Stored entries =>
•••••
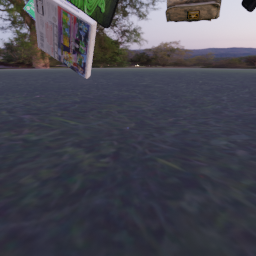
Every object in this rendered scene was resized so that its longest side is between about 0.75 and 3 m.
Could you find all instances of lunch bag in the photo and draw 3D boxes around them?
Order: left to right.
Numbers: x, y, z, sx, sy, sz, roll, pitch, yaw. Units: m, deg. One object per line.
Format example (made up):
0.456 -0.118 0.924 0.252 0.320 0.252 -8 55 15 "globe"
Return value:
1.752 -3.690 7.539 1.505 1.835 1.079 0 47 10 "lunch bag"

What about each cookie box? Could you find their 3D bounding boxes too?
-2.441 -4.265 9.488 0.648 1.723 1.474 44 10 8 "cookie box"

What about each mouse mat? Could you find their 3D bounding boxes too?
-0.470 -2.122 3.590 1.098 1.365 0.051 38 48 8 "mouse mat"

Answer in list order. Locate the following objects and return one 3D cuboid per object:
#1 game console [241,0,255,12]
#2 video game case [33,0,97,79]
3.987 -4.339 8.341 0.213 1.041 1.765 -23 -21 -29 "game console"
-1.809 -2.622 7.943 1.946 2.135 0.245 34 58 7 "video game case"
•••••
Directions => Filter the lines above, keeping and copying those that contain "object".

Response for this exercise =>
Every object in this rendered scene was resized so that its longest side is between about 0.75 and 3 m.
Numbers: x, y, z, sx, sy, sz, roll, pitch, yaw. Units: m, deg. One object per line.
Answer in list order. Locate the following objects and return one 3D cuboid per object:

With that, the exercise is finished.